In der modernen Welt ist die technologische Souveränität und natürlich auch die soziale Souveränität äußerst wichtig. Was meine ich damit? Das ist die Fähigkeit einer Gesellschaft, sich für die Lösung nationaler Probleme zu konsolidieren, es ist der Respekt für die eigene Geschichte, die eigene Kultur, die eigene Sprache, für die Menschen, die in einem gemeinsamen Gebiet leben. Diese Konsolidierung der Gesellschaft ist eine der wichtigsten und grundlegenden Voraussetzungen für die Entwicklung. Wenn es diese Konsolidierung nicht gibt, fällt alles auseinander.

Ich habe diese Komponenten der Souveränität genannt – man kann noch mehr nennen, das sind die grundlegenden Dinge – und es ist offensichtlich, dass sie alle miteinander zusammenhängen. Ich habe sie aufgelistet: erstens, zweitens, drittens, viertens. Man kann die Reihenfolge auch umkehren und mit dem letzten und anfangen dann mit einem beliebigen Punkt weitermachen. Warum? Weil es das eine nicht ohne das andere gibt. Wie erreicht man äußere Sicherheit ohne, sagen wir, technologische Fähigkeiten, technologische Souveränität? Das ist unmöglich.

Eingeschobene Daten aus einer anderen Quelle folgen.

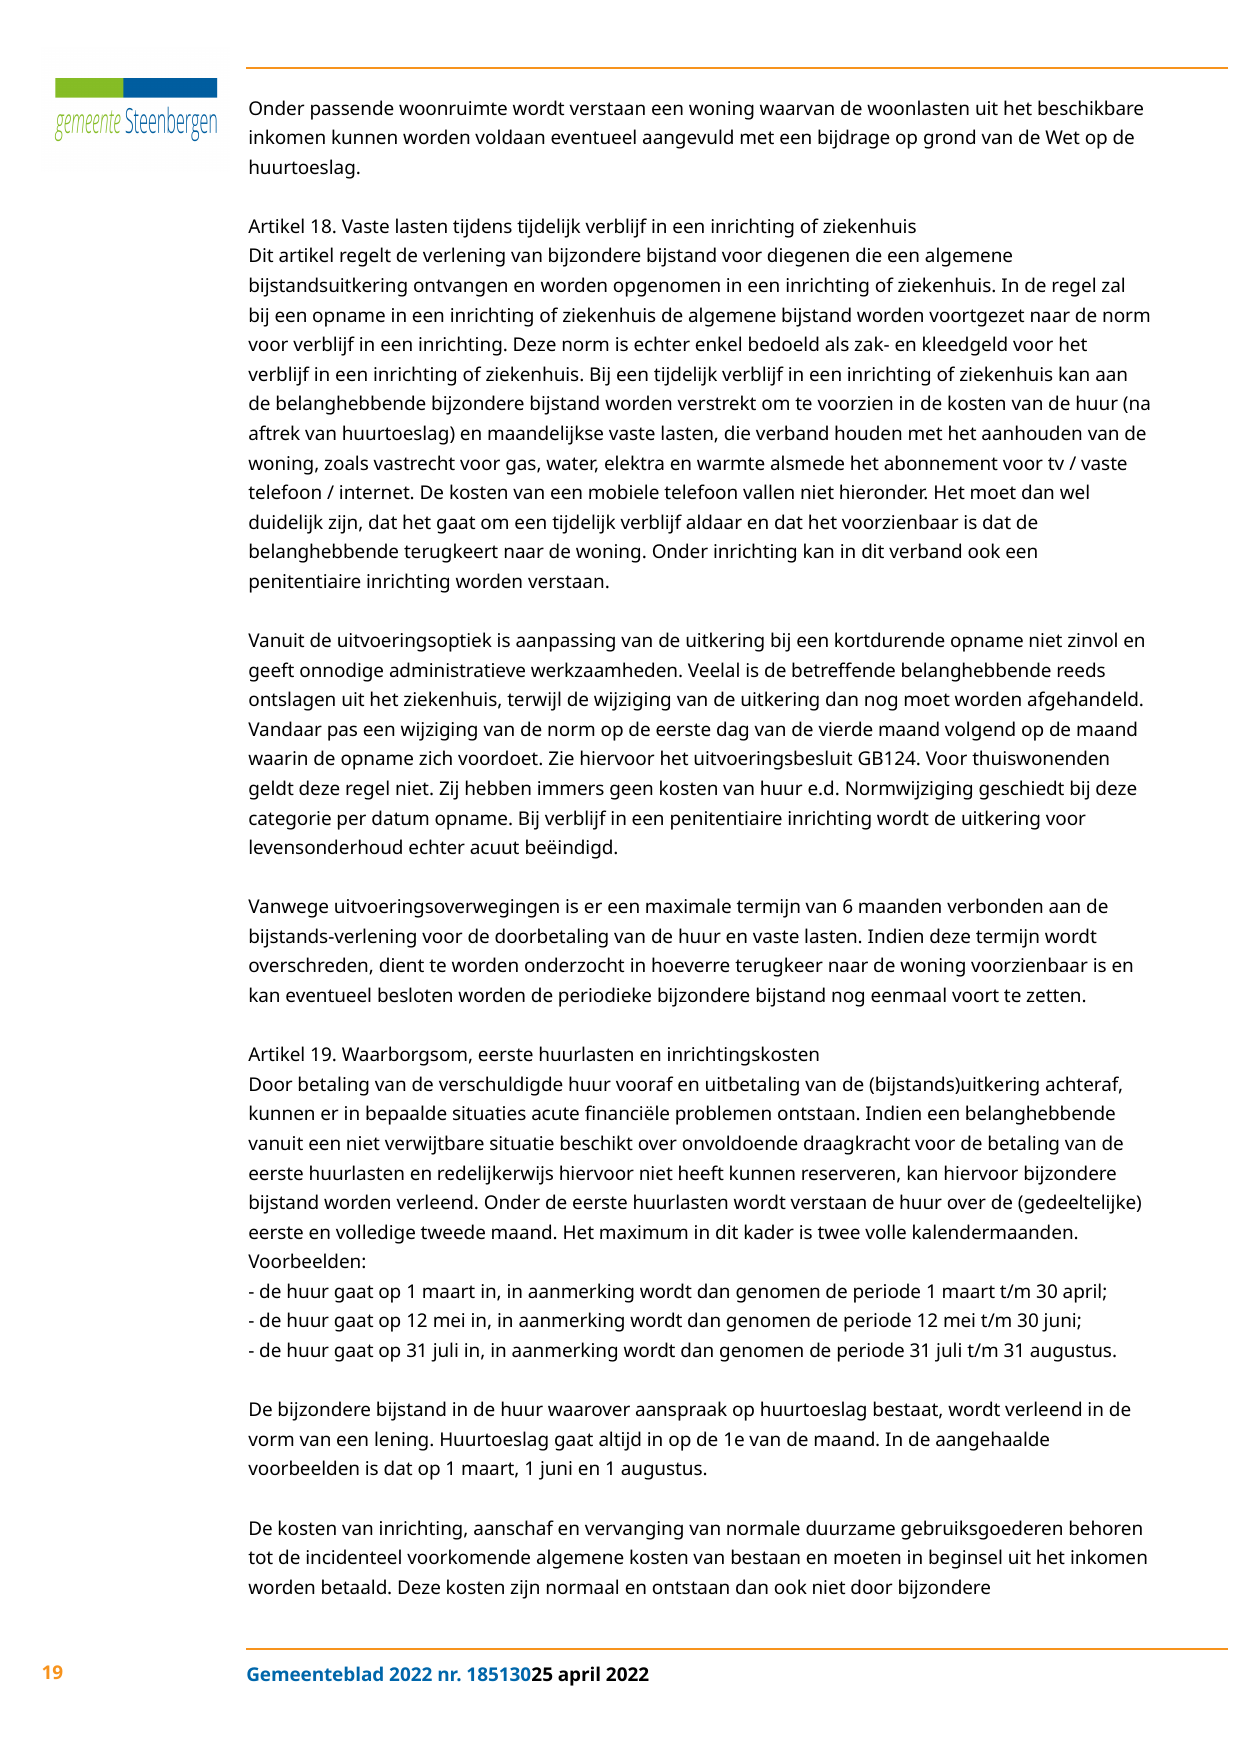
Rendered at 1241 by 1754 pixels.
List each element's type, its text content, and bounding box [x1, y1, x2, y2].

text Artikel 18. Vaste lasten tijdens tijdelijk verblijf in een inrichting of ziekenhuis [248, 213, 1152, 239]
text - de huur gaat op 12 mei in, in aanmerking wordt dan genomen de periode 12 mei t/m 30 juni; [248, 1308, 1152, 1333]
text Onder passende woonruimte wordt verstaan een woning waarvan de woonlasten uit het beschikbare inkomen kunnen worden voldaan eventueel aangevuld met een bijdrage op grond van de Wet op de huurtoeslag. [248, 95, 1152, 180]
text Door betaling van de verschuldigde huur vooraf en uitbetaling van de (bijstands)uitkering achteraf, kunnen er in bepaalde situaties acute financiële problemen ontstaan. Indien een belanghebbende vanuit een niet verwijtbare situatie beschikt over onvoldoende draagkracht voor de betaling van de eerste huurlasten en redelijkerwijs hiervoor niet heeft kunnen reserveren, kan hiervoor bijzondere bijstand worden verleend. Onder de eerste huurlasten wordt verstaan de huur over de (gedeeltelijke) eerste en volledige tweede maand. Het maximum in dit kader is twee volle kalendermaanden. Voorbeelden: [248, 1071, 1152, 1274]
text De kosten van inrichting, aanschaf en vervanging van normale duurzame gebruiksgoederen behoren tot de incidenteel voorkomende algemene kosten van bestaan en moeten in beginsel uit het inkomen worden betaald. Deze kosten zijn normaal en ontstaan dan ook niet door bijzondere [248, 1515, 1152, 1600]
text - de huur gaat op 1 maart in, in aanmerking wordt dan genomen de periode 1 maart t/m 30 april; [248, 1278, 1152, 1304]
text Vanwege uitvoeringsoverwegingen is er een maximale termijn van 6 maanden verbonden aan de bijstands-verlening voor de doorbetaling van de huur en vaste lasten. Indien deze termijn wordt overschreden, dient te worden onderzocht in hoeverre terugkeer naar de woning voorzienbaar is en kan eventueel besloten worden de periodieke bijzondere bijstand nog eenmaal voort te zetten. [248, 893, 1152, 1008]
picture [41, 47, 231, 172]
text Vanuit de uitvoeringsoptiek is aanpassing van de uitkering bij een kortdurende opname niet zinvol en geeft onnodige administratieve werkzaamheden. Veelal is de betreffende belanghebbende reeds ontslagen uit het ziekenhuis, terwijl de wijziging van de uitkering dan nog moet worden afgehandeld. Vandaar pas een wijziging van de norm op de eerste dag van de vierde maand volgend op de maand waarin de opname zich voordoet. Zie hiervoor het uitvoeringsbesluit GB124. Voor thuiswonenden geldt deze regel niet. Zij hebben immers geen kosten van huur e.d. Normwijziging geschiedt bij deze categorie per datum opname. Bij verblijf in een penitentiaire inrichting wordt de uitkering voor levensonderhoud echter acuut beëindigd. [248, 627, 1152, 860]
text Artikel 19. Waarborgsom, eerste huurlasten en inrichtingskosten [248, 1041, 1152, 1067]
text De bijzondere bijstand in de huur waarover aanspraak op huurtoeslag bestaat, wordt verleend in de vorm van een lening. Huurtoeslag gaat altijd in op de 1e van de maand. In de aangehaalde voorbeelden is dat op 1 maart, 1 juni en 1 augustus. [248, 1396, 1152, 1481]
text - de huur gaat op 31 juli in, in aanmerking wordt dan genomen de periode 31 juli t/m 31 augustus. [248, 1337, 1152, 1363]
text Dit artikel regelt de verlening van bijzondere bijstand voor diegenen die een algemene bijstandsuitkering ontvangen en worden opgenomen in een inrichting of ziekenhuis. In de regel zal bij een opname in een inrichting of ziekenhuis de algemene bijstand worden voortgezet naar de norm voor verblijf in een inrichting. Deze norm is echter enkel bedoeld als zak- en kleedgeld voor het verblijf in een inrichting of ziekenhuis. Bij een tijdelijk verblijf in een inrichting of ziekenhuis kan aan de belanghebbende bijzondere bijstand worden verstrekt om te voorzien in de kosten van de huur (na aftrek van huurtoeslag) en maandelijkse vaste lasten, die verband houden met het aanhouden van de woning, zoals vastrecht voor gas, water, elektra en warmte alsmede het abonnement voor tv / vaste telefoon / internet. De kosten van een mobiele telefoon vallen niet hieronder. Het moet dan wel duidelijk zijn, dat het gaat om een tijdelijk verblijf aldaar en dat het voorzienbaar is dat de belanghebbende terugkeert naar de woning. Onder inrichting kan in dit verband ook een penitentiaire inrichting worden verstaan. [248, 243, 1152, 594]

Ohne die Fähigkeiten unserer Wissenschaft und Industrie hätten wir niemals Hyperschallwaffen bekommen. Niemals! Und wissen Sie, erst wenn man damit konfrontiert wird, versteht man das. Als wir die Hyperschallwaffen bekamen, habe ich um eine Liste der Entwickler gebeten, um ihnen Auszeichnungen zu verleihen – ich habe das schon öffentlich erzählt und erzähle es Ihnen jetzt nochmal – und man brachte mir eine dicke Mappe. Ich fing an, darin zu blättern, und darin standen keine Namen, sondern Unternehmen, Designbüros und Forschungsinstitute. Ehrlich gesagt, war sogar ich überrascht. Ich fragte: „Was hast du mir da gebracht?“ Er sagte, wenn ich auch nur einen rausstreichen würde, wären die Raketen nicht entwickelt worden. Tausende von Menschen haben daran gearbeitet, verstehen Sie? Tausende! Damals erkannte ich die Tiefe und das Potenzial unserer Verteidigungsindustrie.

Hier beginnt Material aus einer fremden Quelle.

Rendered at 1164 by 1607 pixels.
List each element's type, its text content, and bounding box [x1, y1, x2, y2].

Das gilt auch für die Wirtschaft insgesamt. Wenn die Wirtschaft hinkt, niest und hustet, dann war’s das. Welche Konsolidierung der Gesellschaft kann es dann geben? Und wenn es keine Konsolidierung gibt, dann gibt es überhaupt nichts.

Um das alles effektiv zu nutzen, um das alles zu haben und zu nutzen, müssen wir natürlich die grundlegenden Aufgaben lösen – die demografische Aufgabe, das heißt Gesundheit, Umwelt, Wissenschaft, Bildung und Erziehung, was sehr wichtig ist.

Wissen Sie, ich habe mich einmal mit dem Patriarchen unterhalten, wir haben über Bildung gesprochen, und er sagte zu mir: Bildung ist sehr wichtig, sie ist ein Schlüssel, aber ohne Erziehung klappt gar nichts, denn man kann einem Menschen etwas beibringen, aber wie er die Früchte seines Wissens nutzen wird – das ist die entscheidende Frage.

Das sind äußerst wichtige Dinge: Wissenschaft, Bildung, Erziehung, Gesundheitsfürsorge, denn ohne sie können die demografischen Probleme nicht gelöst werden und so weiter. Und die Kultur? Wenn wir uns nicht auf die Grundwerte der nationalen Kulturen der Völker Russlands stützen, wird es keine Konsolidierung der Gesellschaft geben. Wenn es keine Konsolidierung gibt, fällt überhaupt alles auseinander. Und die Tatsache, dass wir uns sozusagen verteidigen müssen, dafür kämpfen müssen – das ist offensichtlich.